The Rise and Fall of Paul
Robeson
Paul Robeson (1898-1976), the singer/actor/political
activist, was dining in a restaurant when he spotted Jackie Robinson and Don
Newcombe, the baseball players, at another table. He asked a waiter to invite
them over, so he could introduce them to his friends.
Jackie Robinson
sent back an angry response: “Fuck Paul Robeson.”
That’s from a
biography that tells the story of the tragic life of this gifted man (“Paul
Robeson All-American,” by Dorothy Butler Gilliam, 1978). Robinson was angry because
of Robeson’s recent unpatriotic remarks—that American blacks would never fight
against the Soviet Union, even if there were a war between the two countries. Robinson
had testified before Congress that Robeson’s remarks were “silly.”
We’ll return to
Jackie Robinson later.
Robeson did make
horrible mistakes. He had a foolish love affair with the totalitarian Soviet
Union: He had never lost his wonderment and delight in discovering a country
where black people were treated as equals. When the Soviets attacked Finland,
he indefensibly supported the Soviets. He fulsomely praised Stalin and accepted
the Stalin prize; refused to acknowledge Stalin’s anti-semitic purges or the
sham 1930s trials; defended the Soviet invasion of Hungary in 1956; tried to
get the United Nations to condemn the United States for genocide against
blacks; and never joined the American civil-rights movement because James
Farmer, a prominent black, asked that he first publicly reject the Soviet Union
and communism. Even when Stalin signed a non-aggression pact with Hitler in
1939, Robeson said it in no way altered his convictions. The agreement, he said,
was forced on Russia by France and England’s refusal to help protect the Soviet
Uinion,
While he never
joined the Communist party, Robeson was clearly an unrepentant “fellow
traveler.”
When he had
visited the Soviet Union, Robeson said, he had felt “like a human being for the
first time since I grew up. Here I am not a negro but a human being. Before I came I could hardly believe that
such a thing could be….Here, for the first time in my life, I walk in full
human dignity.”
It was his fatal
flaw—a stubborn allegiance to the
communist Soviet Union. It ruined his reputation.
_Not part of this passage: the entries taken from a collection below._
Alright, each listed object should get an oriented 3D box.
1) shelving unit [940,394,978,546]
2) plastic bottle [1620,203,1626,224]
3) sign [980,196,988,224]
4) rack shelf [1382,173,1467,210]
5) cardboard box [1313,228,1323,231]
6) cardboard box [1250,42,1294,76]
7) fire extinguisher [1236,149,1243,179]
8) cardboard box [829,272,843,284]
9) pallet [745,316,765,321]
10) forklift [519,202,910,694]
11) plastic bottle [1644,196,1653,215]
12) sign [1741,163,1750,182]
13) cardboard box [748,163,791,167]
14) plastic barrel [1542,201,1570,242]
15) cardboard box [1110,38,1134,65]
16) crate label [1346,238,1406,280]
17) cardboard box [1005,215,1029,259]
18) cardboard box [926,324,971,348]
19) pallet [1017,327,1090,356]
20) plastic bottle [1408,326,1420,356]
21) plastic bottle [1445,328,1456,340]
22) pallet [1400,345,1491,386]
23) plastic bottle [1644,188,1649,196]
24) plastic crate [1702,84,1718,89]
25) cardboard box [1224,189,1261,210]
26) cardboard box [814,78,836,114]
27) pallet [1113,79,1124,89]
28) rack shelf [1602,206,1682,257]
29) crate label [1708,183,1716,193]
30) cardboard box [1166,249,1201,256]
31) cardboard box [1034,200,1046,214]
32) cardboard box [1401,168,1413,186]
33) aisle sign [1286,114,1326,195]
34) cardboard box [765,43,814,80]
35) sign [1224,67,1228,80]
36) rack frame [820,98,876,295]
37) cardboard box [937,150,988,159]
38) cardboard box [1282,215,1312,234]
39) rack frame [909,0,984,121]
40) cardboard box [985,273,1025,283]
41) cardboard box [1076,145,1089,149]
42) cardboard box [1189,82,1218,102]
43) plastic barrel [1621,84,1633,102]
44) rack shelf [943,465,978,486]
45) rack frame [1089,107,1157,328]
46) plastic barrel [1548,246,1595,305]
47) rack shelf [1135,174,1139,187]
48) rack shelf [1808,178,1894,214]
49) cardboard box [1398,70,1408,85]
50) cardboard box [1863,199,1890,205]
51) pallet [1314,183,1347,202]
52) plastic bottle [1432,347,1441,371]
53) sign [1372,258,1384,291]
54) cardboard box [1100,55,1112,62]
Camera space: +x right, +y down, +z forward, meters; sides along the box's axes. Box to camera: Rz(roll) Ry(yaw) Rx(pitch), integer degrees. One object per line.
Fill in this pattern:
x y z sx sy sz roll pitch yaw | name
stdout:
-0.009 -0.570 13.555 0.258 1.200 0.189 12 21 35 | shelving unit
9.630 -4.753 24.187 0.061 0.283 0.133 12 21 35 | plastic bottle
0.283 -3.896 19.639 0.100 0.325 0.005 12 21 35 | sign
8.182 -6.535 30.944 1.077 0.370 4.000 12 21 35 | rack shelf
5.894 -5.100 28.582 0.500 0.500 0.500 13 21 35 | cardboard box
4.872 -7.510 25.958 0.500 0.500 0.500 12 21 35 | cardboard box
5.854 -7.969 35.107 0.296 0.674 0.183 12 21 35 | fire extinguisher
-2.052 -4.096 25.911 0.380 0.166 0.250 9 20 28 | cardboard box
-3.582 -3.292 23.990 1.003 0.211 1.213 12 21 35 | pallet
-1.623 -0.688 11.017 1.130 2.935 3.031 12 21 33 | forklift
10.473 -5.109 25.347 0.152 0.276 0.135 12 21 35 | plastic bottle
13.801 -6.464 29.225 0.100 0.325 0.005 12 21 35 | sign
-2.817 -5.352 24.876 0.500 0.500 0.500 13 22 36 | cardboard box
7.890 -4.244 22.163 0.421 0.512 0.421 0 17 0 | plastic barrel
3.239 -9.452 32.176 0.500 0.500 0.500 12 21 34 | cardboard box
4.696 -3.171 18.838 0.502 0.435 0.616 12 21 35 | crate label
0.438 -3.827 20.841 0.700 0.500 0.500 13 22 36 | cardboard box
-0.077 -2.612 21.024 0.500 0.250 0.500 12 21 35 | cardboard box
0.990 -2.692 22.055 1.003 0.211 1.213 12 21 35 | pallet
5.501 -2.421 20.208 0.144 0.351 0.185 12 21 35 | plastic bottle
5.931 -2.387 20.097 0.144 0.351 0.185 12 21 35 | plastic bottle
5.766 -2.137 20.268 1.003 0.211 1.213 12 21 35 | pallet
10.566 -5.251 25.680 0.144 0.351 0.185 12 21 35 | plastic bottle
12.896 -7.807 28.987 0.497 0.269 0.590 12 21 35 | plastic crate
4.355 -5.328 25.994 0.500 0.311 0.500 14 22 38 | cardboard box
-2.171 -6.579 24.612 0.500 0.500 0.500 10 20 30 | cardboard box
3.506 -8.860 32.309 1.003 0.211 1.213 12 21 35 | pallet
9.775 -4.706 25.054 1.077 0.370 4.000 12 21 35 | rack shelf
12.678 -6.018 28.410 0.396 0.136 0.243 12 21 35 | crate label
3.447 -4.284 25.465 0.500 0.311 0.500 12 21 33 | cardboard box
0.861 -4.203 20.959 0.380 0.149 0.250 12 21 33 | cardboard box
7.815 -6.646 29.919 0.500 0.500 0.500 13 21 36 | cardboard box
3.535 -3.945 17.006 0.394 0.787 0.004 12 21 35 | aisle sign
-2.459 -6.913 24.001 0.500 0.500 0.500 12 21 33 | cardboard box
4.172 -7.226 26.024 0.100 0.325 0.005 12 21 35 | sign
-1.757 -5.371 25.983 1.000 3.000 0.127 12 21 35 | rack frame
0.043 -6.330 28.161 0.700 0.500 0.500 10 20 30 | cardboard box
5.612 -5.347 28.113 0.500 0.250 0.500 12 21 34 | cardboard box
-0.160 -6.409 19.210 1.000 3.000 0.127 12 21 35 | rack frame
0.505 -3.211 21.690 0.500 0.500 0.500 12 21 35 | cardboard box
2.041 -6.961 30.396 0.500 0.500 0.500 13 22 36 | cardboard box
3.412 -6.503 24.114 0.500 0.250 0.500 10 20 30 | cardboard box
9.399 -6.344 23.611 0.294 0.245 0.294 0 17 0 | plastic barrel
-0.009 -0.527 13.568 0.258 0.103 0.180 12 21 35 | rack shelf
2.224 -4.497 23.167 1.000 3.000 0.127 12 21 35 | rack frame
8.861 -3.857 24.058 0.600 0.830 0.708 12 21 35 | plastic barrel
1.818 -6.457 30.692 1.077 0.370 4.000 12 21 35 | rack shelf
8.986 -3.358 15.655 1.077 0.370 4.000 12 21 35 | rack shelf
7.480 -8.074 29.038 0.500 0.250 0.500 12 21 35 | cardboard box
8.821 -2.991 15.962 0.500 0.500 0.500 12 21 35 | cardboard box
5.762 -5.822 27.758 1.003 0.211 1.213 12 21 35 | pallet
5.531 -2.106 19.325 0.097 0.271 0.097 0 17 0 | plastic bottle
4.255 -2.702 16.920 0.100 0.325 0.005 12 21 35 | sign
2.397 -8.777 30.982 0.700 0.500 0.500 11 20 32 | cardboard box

Robeson also had an unconventional
married life, and carried on many affairs, apparently with the knowledge of his
wife, Essie, an intelligent, helpful woman. She was justifiably furious. After
a while, they just had a “companionate” marriage.
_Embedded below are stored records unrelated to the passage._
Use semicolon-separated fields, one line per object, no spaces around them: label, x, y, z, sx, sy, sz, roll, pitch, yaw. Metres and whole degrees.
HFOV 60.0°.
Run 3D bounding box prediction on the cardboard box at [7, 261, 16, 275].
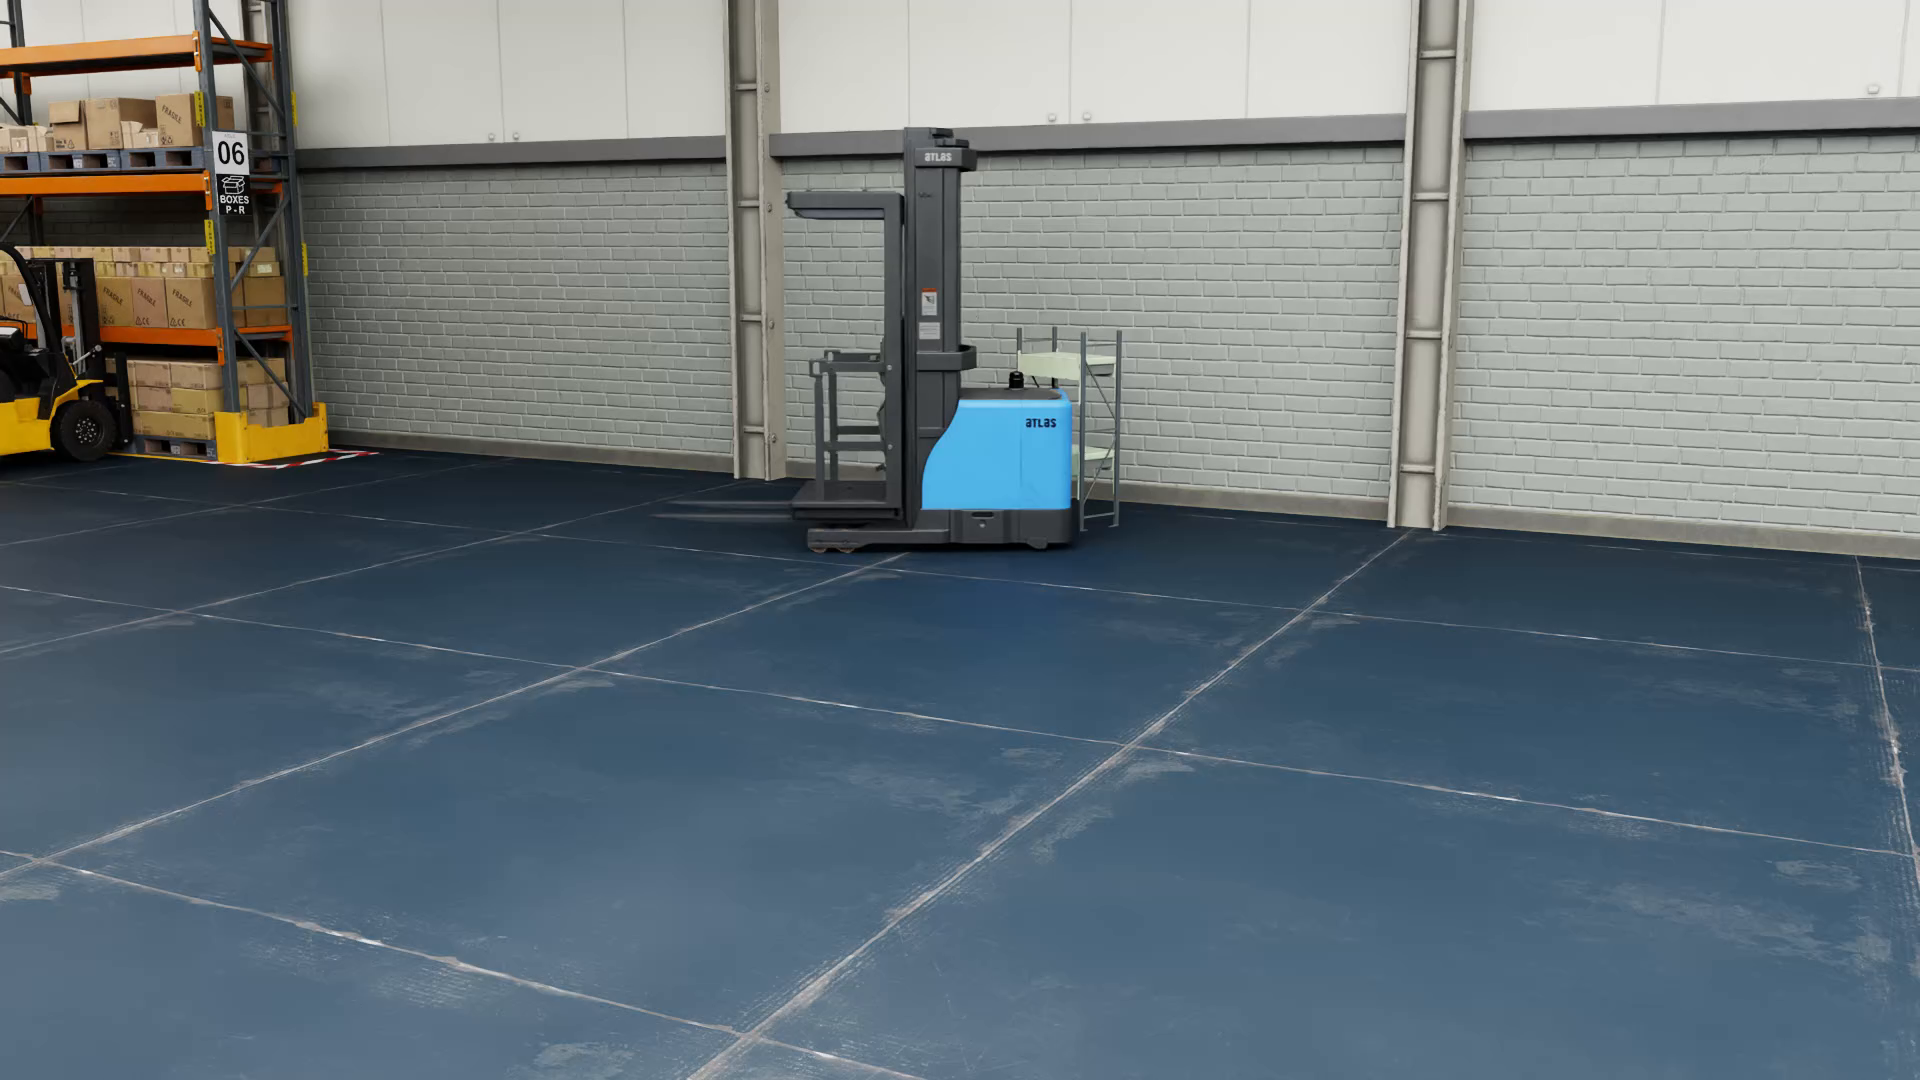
cardboard box;-9.946;-2.913;17.802;0.250;0.149;0.380;5;11;26

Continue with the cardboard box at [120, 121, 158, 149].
cardboard box;-8.112;-4.036;16.600;0.258;0.266;0.396;5;11;26

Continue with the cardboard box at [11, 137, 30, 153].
cardboard box;-9.637;-4.112;17.351;0.250;0.149;0.380;5;12;28

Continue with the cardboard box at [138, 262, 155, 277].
cardboard box;-8.107;-2.751;16.905;0.250;0.149;0.380;5;11;25

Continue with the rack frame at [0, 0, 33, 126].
rack frame;-10.594;-5.600;17.906;0.127;3.000;1.000;5;11;26

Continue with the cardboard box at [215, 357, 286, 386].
cardboard box;-7.354;-1.747;17.193;0.500;0.250;0.500;5;11;25

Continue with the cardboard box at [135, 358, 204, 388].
cardboard box;-8.018;-1.704;16.959;0.500;0.250;0.500;5;12;27

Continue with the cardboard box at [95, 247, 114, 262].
cardboard box;-8.610;-2.927;17.042;0.250;0.149;0.380;5;12;27

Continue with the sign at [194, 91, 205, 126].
sign;-7.260;-4.120;15.887;0.005;0.325;0.100;5;11;26

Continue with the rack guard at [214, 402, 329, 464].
rack guard;-6.985;-1.101;16.911;0.348;0.500;1.175;5;11;26

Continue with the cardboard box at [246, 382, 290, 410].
cardboard box;-7.337;-1.503;17.249;0.500;0.250;0.500;5;12;27

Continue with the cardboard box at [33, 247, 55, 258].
cardboard box;-9.502;-3.013;17.517;0.250;0.149;0.380;5;11;25

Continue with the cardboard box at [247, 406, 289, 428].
cardboard box;-7.361;-1.257;17.292;0.500;0.250;0.500;5;11;26

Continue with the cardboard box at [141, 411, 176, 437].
cardboard box;-8.010;-1.214;17.056;0.500;0.250;0.500;5;11;26

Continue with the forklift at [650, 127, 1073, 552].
forklift;-0.707;-1.448;12.000;3.031;2.935;1.130;0;10;1

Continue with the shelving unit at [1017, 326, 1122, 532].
shelving unit;0.831;-0.875;12.855;0.431;1.500;0.755;-8;13;-38

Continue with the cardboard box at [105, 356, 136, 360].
cardboard box;-8.926;-1.784;17.397;0.500;0.250;0.500;5;11;25

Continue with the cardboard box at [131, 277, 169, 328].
cardboard box;-8.026;-2.421;16.906;0.500;0.500;0.500;5;12;28

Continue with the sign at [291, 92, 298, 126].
sign;-6.756;-4.366;16.833;0.005;0.325;0.100;5;11;26

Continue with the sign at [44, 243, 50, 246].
sign;-10.350;-3.202;18.846;0.005;0.325;0.100;5;11;26

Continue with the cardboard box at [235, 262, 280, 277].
cardboard box;-7.196;-2.770;17.008;0.250;0.149;0.380;5;11;24

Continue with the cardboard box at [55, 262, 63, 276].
cardboard box;-9.290;-2.844;17.420;0.250;0.149;0.380;5;11;24

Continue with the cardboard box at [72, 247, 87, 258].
cardboard box;-9.018;-2.985;17.362;0.250;0.149;0.380;5;11;26

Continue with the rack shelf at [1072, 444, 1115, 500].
rack shelf;0.831;-0.554;12.913;0.431;0.370;0.720;-8;13;-38

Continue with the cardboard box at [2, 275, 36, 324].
cardboard box;-9.837;-2.582;17.795;0.500;0.500;0.500;5;12;27

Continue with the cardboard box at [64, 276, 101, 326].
cardboard box;-8.941;-2.500;17.338;0.500;0.500;0.500;5;11;26

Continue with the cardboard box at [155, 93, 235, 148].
cardboard box;-7.512;-4.110;16.354;0.500;0.500;0.500;5;12;28

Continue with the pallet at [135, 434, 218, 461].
pallet;-7.711;-1.015;17.243;1.213;0.211;1.003;5;11;26

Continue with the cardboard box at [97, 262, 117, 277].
cardboard box;-8.603;-2.781;17.072;0.250;0.149;0.380;5;11;26

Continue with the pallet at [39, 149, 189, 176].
pallet;-8.728;-3.921;17.300;1.213;0.211;1.003;5;11;26

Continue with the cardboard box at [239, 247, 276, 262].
cardboard box;-7.214;-2.908;16.940;0.250;0.149;0.380;5;11;25

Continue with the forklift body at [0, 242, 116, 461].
forklift body;-9.515;-1.773;15.990;1.214;2.155;2.313;5;11;26

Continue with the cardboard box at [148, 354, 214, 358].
cardboard box;-8.248;-1.827;17.635;0.500;0.250;0.500;5;11;25

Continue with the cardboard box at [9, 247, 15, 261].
cardboard box;-9.932;-3.066;17.809;0.250;0.149;0.380;5;11;25

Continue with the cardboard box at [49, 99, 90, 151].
cardboard box;-8.894;-4.261;17.176;0.637;0.503;0.797;5;12;28

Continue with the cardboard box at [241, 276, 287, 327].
cardboard box;-7.328;-2.466;17.150;0.500;0.500;0.500;5;12;28

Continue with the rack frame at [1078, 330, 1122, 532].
rack frame;1.059;-0.824;12.573;0.400;1.500;0.023;-8;13;-38

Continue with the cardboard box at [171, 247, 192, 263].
cardboard box;-7.656;-2.857;16.655;0.250;0.149;0.380;5;11;26

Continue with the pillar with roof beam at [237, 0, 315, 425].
pillar with roof beam;-9.137;-4.796;13.464;0.400;9.000;9.100;5;11;26

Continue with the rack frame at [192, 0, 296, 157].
rack frame;-7.007;-5.285;16.164;0.127;3.000;1.000;5;11;26

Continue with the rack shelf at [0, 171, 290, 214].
rack shelf;-8.801;-3.613;17.366;4.000;0.370;1.077;5;11;26

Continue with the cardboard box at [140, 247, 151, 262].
cardboard box;-8.093;-2.905;16.919;0.250;0.149;0.380;5;11;26

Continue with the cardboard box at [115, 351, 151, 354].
cardboard box;-9.159;-1.906;18.075;0.500;0.250;0.500;5;11;26

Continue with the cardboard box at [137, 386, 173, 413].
cardboard box;-8.027;-1.462;17.025;0.500;0.250;0.500;5;11;25

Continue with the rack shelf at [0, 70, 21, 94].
rack shelf;-12.388;-5.207;18.876;4.000;0.370;1.077;5;11;26

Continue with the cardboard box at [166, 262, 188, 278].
cardboard box;-7.684;-2.699;16.620;0.250;0.149;0.380;5;12;27

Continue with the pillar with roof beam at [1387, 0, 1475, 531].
pillar with roof beam;1.624;-3.851;8.239;0.400;9.000;9.100;5;11;26

Jose Ferrar, the actor, was married to Uta
Hagen, who played Desdemona to Robeson’s Othello, and Ferrar walked in on the
two of them in bed—not inside a theater. A divorce followed.
Robeson had
almost married another woman he had acted with, Peggy Ashcroft. In fact, there
were a few white women he almost married—but his black friends discouraged him.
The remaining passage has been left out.